Aim of the exercise:
Where the data below has the string "Output", return the whole line.

Start of Provided data

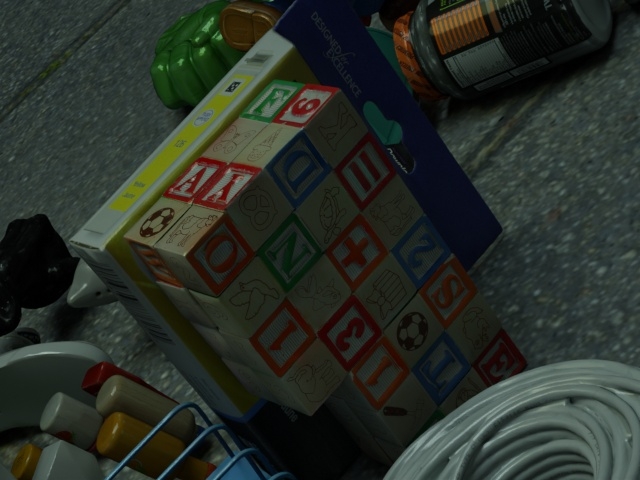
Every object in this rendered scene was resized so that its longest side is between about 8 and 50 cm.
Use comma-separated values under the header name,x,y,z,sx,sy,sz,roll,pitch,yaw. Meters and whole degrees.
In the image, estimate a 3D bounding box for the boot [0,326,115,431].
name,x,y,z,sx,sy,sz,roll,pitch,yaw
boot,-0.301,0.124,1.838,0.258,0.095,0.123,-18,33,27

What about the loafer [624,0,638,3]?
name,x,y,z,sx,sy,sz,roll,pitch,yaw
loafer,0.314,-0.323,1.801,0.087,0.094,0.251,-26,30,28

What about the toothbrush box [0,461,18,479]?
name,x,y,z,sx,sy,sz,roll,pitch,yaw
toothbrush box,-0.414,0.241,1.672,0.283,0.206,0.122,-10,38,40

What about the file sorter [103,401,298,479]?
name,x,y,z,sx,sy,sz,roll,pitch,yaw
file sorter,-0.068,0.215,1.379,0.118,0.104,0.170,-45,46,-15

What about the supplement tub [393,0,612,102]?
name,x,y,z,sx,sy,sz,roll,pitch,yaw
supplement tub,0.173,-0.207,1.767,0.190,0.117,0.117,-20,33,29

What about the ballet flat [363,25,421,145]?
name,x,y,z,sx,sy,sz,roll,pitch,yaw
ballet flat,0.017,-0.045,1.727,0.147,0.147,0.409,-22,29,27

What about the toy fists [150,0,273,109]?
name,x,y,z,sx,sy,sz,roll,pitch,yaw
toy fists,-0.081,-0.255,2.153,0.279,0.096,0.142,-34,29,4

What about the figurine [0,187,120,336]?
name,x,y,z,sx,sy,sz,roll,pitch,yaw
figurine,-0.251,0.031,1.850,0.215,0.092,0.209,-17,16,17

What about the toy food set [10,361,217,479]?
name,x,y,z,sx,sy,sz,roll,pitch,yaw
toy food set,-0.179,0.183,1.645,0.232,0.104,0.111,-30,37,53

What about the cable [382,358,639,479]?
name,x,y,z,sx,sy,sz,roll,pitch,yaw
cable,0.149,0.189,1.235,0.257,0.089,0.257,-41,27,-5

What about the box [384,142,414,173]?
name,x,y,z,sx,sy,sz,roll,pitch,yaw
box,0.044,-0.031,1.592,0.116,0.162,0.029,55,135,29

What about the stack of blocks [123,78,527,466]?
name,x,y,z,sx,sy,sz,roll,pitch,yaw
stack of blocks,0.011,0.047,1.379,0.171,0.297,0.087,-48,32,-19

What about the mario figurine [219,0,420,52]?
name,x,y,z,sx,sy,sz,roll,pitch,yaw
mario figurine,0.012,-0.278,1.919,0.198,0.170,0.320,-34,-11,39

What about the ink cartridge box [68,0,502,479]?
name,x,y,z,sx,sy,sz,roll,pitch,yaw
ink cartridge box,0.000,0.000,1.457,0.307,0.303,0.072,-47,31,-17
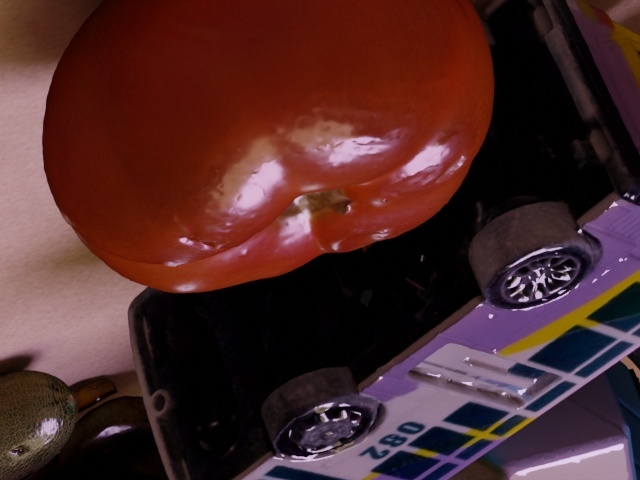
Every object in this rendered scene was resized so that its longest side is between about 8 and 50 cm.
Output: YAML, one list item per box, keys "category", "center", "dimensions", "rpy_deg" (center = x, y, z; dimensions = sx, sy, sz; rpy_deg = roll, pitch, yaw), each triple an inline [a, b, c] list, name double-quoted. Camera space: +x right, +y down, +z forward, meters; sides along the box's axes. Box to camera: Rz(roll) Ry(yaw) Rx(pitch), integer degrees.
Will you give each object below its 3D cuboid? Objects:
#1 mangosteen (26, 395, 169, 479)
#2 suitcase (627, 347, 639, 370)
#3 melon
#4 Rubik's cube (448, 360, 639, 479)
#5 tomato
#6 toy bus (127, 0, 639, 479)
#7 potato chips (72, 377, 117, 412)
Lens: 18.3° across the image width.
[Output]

End of Provided data

Expected answer:
Output: YAML, one list item per box, keys "category", "center", "dimensions", "rpy_deg" (center = x, y, z; dimensions = sx, sy, sz; rpy_deg = roll, pitch, yaw), each triple an inline [a, b, c] list, name double-quoted. Camera space: +x right, +y down, +z forward, meters; sides along the box's axes. Box to camera: Rz(roll) Ry(yaw) Rx(pitch), integer degrees.
[Output]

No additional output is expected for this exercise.